A little experience goes a ways, and a lot of experience goes even further. It may not mean you know the answers to the future, but it provides a data set that is significantly greater than those who are newly initiated.
I remember Todd Wanerman from the preschool our son Traylor attended (and on whose board I still sit) assuring us that despite my son Traylor’s fierce declaration – “I’m going to wear pull-ups until I’m five!” – it was unlikely that the big little guy was going to be in diapers forever. Apart from the observation that there weren’t a lot of ten year olds tooling around in pull-ups, Todd has taught pre-school for over 15 years. His “n” – the data set of kids he’s seen and worked with – numbers somewhere around 1,000, not the singular data point of “one” that is our experience with our son.

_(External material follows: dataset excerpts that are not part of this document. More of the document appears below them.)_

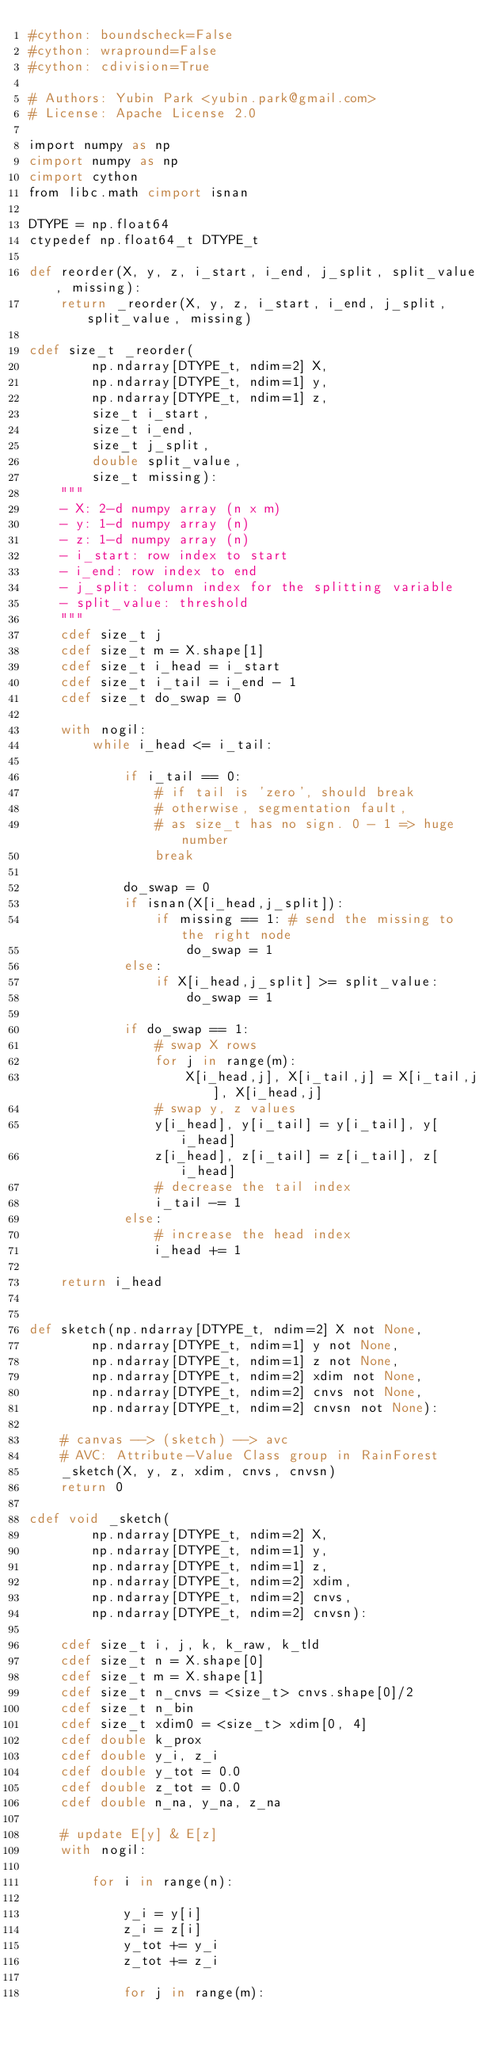<code> <loc_0><loc_0><loc_500><loc_500><_Cython_>#cython: boundscheck=False
#cython: wrapround=False
#cython: cdivision=True

# Authors: Yubin Park <yubin.park@gmail.com>
# License: Apache License 2.0

import numpy as np
cimport numpy as np
cimport cython
from libc.math cimport isnan

DTYPE = np.float64
ctypedef np.float64_t DTYPE_t

def reorder(X, y, z, i_start, i_end, j_split, split_value, missing):
    return _reorder(X, y, z, i_start, i_end, j_split, split_value, missing)
 
cdef size_t _reorder(
        np.ndarray[DTYPE_t, ndim=2] X, 
        np.ndarray[DTYPE_t, ndim=1] y, 
        np.ndarray[DTYPE_t, ndim=1] z, 
        size_t i_start, 
        size_t i_end, 
        size_t j_split, 
        double split_value, 
        size_t missing):
    """
    - X: 2-d numpy array (n x m)
    - y: 1-d numpy array (n)
    - z: 1-d numpy array (n)
    - i_start: row index to start
    - i_end: row index to end
    - j_split: column index for the splitting variable
    - split_value: threshold
    """
    cdef size_t j
    cdef size_t m = X.shape[1]
    cdef size_t i_head = i_start
    cdef size_t i_tail = i_end - 1
    cdef size_t do_swap = 0

    with nogil:
        while i_head <= i_tail:

            if i_tail == 0: 
                # if tail is 'zero', should break
                # otherwise, segmentation fault, 
                # as size_t has no sign. 0 - 1 => huge number
                break
            
            do_swap = 0 
            if isnan(X[i_head,j_split]):
                if missing == 1: # send the missing to the right node
                    do_swap = 1
            else:
                if X[i_head,j_split] >= split_value:
                    do_swap = 1

            if do_swap == 1:
                # swap X rows
                for j in range(m):
                    X[i_head,j], X[i_tail,j] = X[i_tail,j], X[i_head,j]
                # swap y, z values
                y[i_head], y[i_tail] = y[i_tail], y[i_head]
                z[i_head], z[i_tail] = z[i_tail], z[i_head]
                # decrease the tail index
                i_tail -= 1
            else:
                # increase the head index
                i_head += 1

    return i_head


def sketch(np.ndarray[DTYPE_t, ndim=2] X not None, 
        np.ndarray[DTYPE_t, ndim=1] y not None, 
        np.ndarray[DTYPE_t, ndim=1] z not None, 
        np.ndarray[DTYPE_t, ndim=2] xdim not None, 
        np.ndarray[DTYPE_t, ndim=2] cnvs not None, 
        np.ndarray[DTYPE_t, ndim=2] cnvsn not None):

    # canvas --> (sketch) --> avc 
    # AVC: Attribute-Value Class group in RainForest
    _sketch(X, y, z, xdim, cnvs, cnvsn)
    return 0

cdef void _sketch(
        np.ndarray[DTYPE_t, ndim=2] X, 
        np.ndarray[DTYPE_t, ndim=1] y, 
        np.ndarray[DTYPE_t, ndim=1] z, 
        np.ndarray[DTYPE_t, ndim=2] xdim, 
        np.ndarray[DTYPE_t, ndim=2] cnvs, 
        np.ndarray[DTYPE_t, ndim=2] cnvsn):

    cdef size_t i, j, k, k_raw, k_tld
    cdef size_t n = X.shape[0]
    cdef size_t m = X.shape[1]
    cdef size_t n_cnvs = <size_t> cnvs.shape[0]/2
    cdef size_t n_bin
    cdef size_t xdim0 = <size_t> xdim[0, 4]
    cdef double k_prox
    cdef double y_i, z_i
    cdef double y_tot = 0.0
    cdef double z_tot = 0.0
    cdef double n_na, y_na, z_na

    # update E[y] & E[z]
    with nogil:

        for i in range(n):

            y_i = y[i]
            z_i = z[i]
            y_tot += y_i
            z_tot += z_i

            for j in range(m):
</code>

Earlier last week I sat with a leadership team composed mostly of financial types. In a very bumpy economy, it was easily the most depressing meeting I’ve experienced in months – with most of the doom and gloom emitting from folks who were late in their ‘30s to early 40’s. For them it seemed as if the world as we know it had ended – and ended forever. The talk was peppered with asides about this recession, and if it would ever end.
Brave new world it may be but the lessons of the past frequently apply: the application may be only occasionally linear but the trick, as it were, is figuring out what part of the teaching might be helpful.

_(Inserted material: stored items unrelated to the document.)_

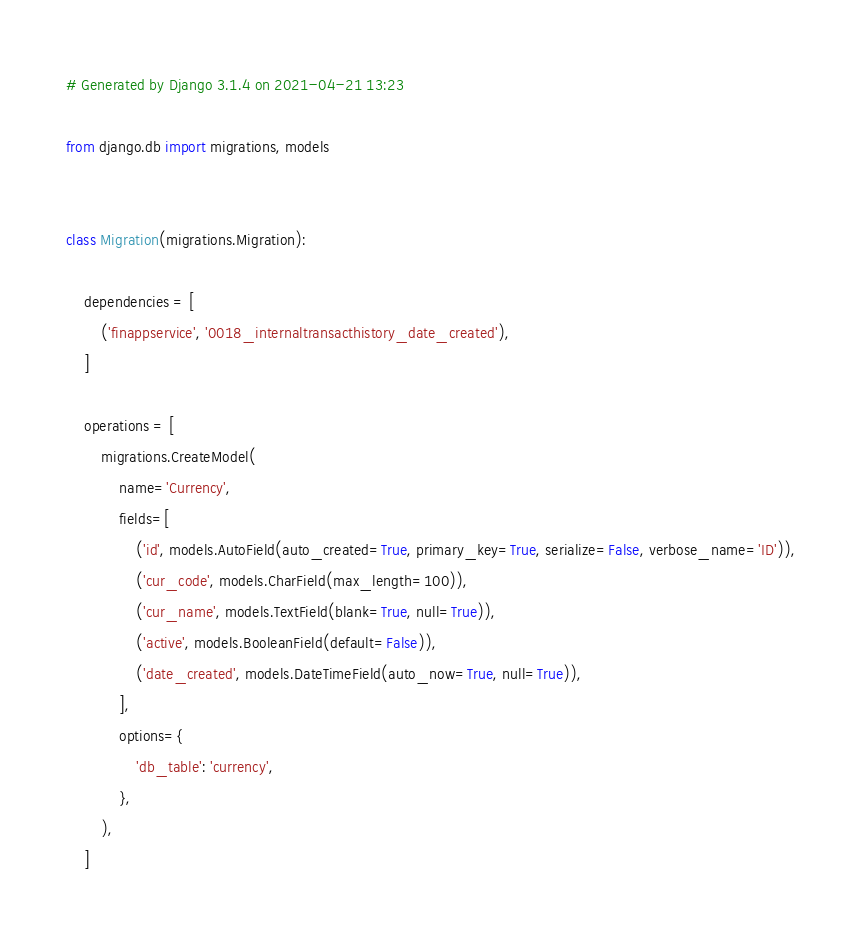<code> <loc_0><loc_0><loc_500><loc_500><_Python_># Generated by Django 3.1.4 on 2021-04-21 13:23

from django.db import migrations, models


class Migration(migrations.Migration):

    dependencies = [
        ('finappservice', '0018_internaltransacthistory_date_created'),
    ]

    operations = [
        migrations.CreateModel(
            name='Currency',
            fields=[
                ('id', models.AutoField(auto_created=True, primary_key=True, serialize=False, verbose_name='ID')),
                ('cur_code', models.CharField(max_length=100)),
                ('cur_name', models.TextField(blank=True, null=True)),
                ('active', models.BooleanField(default=False)),
                ('date_created', models.DateTimeField(auto_now=True, null=True)),
            ],
            options={
                'db_table': 'currency',
            },
        ),
    ]
</code> 
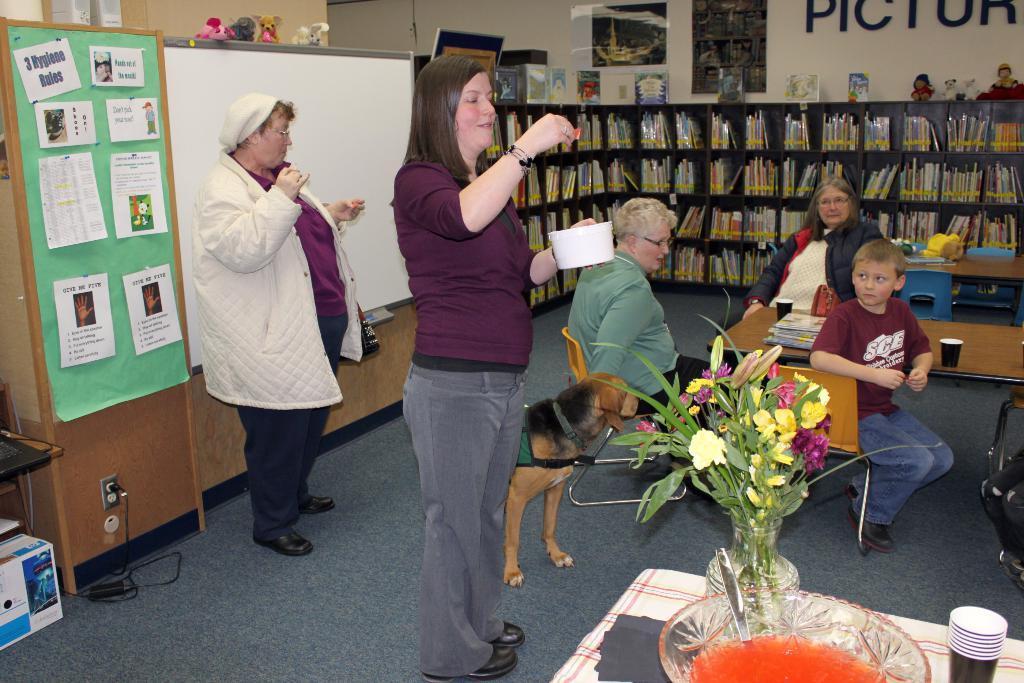Could you give a brief overview of what you see in this image? In this image we can see few people in which some of them are sitting and some of them are standing, there we can see a one person holding a bowl and an object, there we can see two tables in which we can see a flower pot, a bowl with some fluid, a spoon and some cups on one table, on the other table, we can see few books and two glasses, there we can see a another table with some objects on it, few chairs, few books in the racks on the shelf and some frames placed over the shelf, two posters attached and a name to the wall, a shelf with some papers attached to it, a screen with some toys on it

When I graduated from college in 1974 my diploma and gas rationing (odd numbered days if your car license plate ended in an odd number, even if in even number) greeted me – as well as a two year recession. The upside was that the poor job market provided additional motivation to go to grad school, which I did.

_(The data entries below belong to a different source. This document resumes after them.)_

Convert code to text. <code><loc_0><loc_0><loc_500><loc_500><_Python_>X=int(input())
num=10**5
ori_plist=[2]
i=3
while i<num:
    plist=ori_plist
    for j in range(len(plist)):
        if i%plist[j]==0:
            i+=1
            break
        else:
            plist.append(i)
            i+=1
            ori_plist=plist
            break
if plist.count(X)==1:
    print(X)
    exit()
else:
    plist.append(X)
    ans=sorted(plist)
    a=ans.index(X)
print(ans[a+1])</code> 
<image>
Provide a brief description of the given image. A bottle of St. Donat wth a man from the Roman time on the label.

My move from academia to the private sector was timed perfectly to coincide with the recession that occurred from 1980-82, the last time the unemployment rate matched the current 8.1%. A six-month job search – while out of work and cobbling together pieces of odd jobs to keep me fed – gave me a great network of professional contacts gained through informational interviewing (See Choose Me, Hire Me – Part 4).
When a VP of HR role I held with McKesson went away in 1990 due to the consolidation of three operating units to two, I said hello to the recession of 1990-1991. Saved by an apparent outpouring of support to keep me with company – a temporary role was created for me, and I later became a Senior VP of HR with the corporation.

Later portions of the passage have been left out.